The dividend of the division by 7 is sometimes negative.

To avoid "mod of negative" error for some years, including 2002, the
term *-2J* in 3) can be changed to *+5J*.

Zeller II.B.2 uses an approximate Gregorian form, valid only up to the year 4200. Note 1 gives the change needed to cover all years.

Considering Note 2, the Easter-full-moon-number (*die
Ostervollmondszahl*) of expression II.B.2
cannot always be the date of the Paschal Full Moon, since Easter is the
Sunday *after* that.

The Afterword is rather like Zeller's card
"Das Ganze der Kalender-Rechnung", but it
apparently lacks anything handling the special Gregorian cases with
*b≥28*.

One must remember to use the modified year and month.
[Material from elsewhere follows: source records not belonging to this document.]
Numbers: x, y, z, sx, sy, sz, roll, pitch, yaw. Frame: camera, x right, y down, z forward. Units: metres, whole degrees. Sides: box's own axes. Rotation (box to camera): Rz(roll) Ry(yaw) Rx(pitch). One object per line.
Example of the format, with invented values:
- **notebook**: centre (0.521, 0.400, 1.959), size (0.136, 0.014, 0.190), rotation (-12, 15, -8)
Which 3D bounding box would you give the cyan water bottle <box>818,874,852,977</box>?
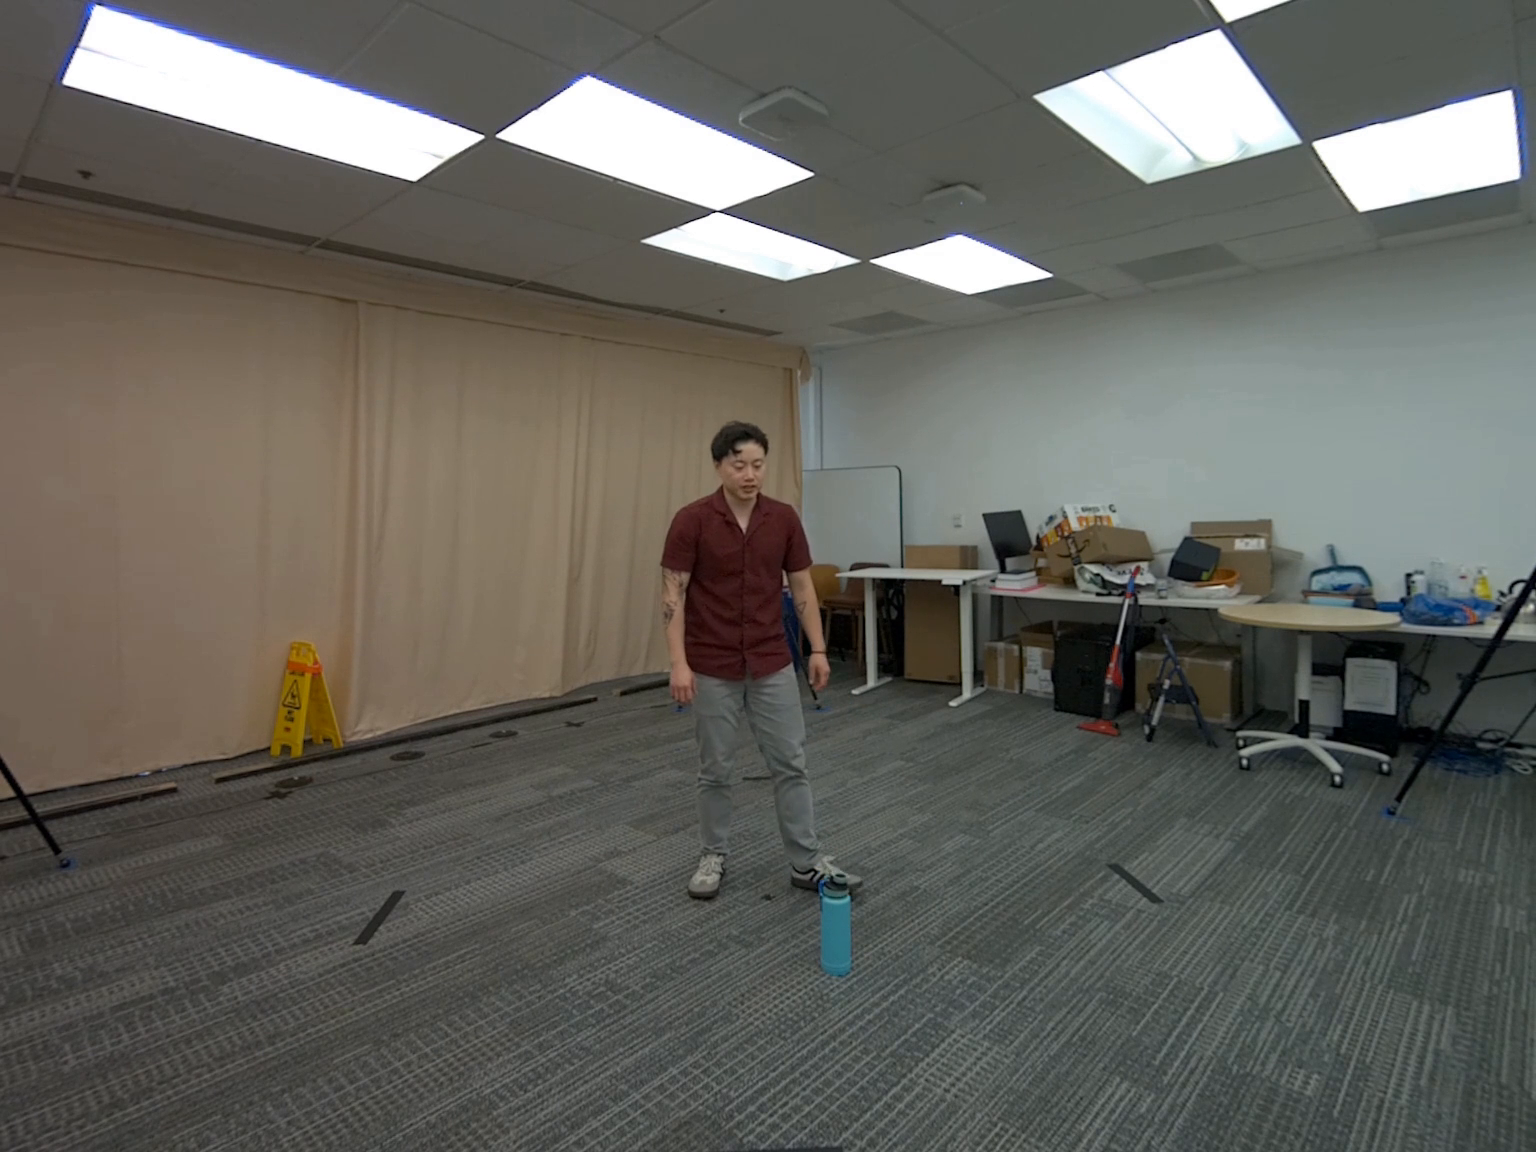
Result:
- **cyan water bottle**: centre (0.214, 1.033, 2.518), size (0.092, 0.283, 0.092), rotation (-2, 0, -2)

The Afterword omits clear mention of Notes 1 & 2 of Section II.1. To get correct results for all years, those Notes must be applied here.

As printed, the test for Old-and-New Day-of-Week passes, and the test for Old Easter passes.

The test for New Easter passes when Notes 1 & 2 of paper
Section II.1. are heeded.

• Without Note 1, the test shows, after 4200, in some
centuries, about one error per four years.

• Without Note 2, the test shows about one error per
century.

The Paschal Full Moon is not tested; see in On Chr. Zeller's Card "Das Ganze der Kalender-Rechnung".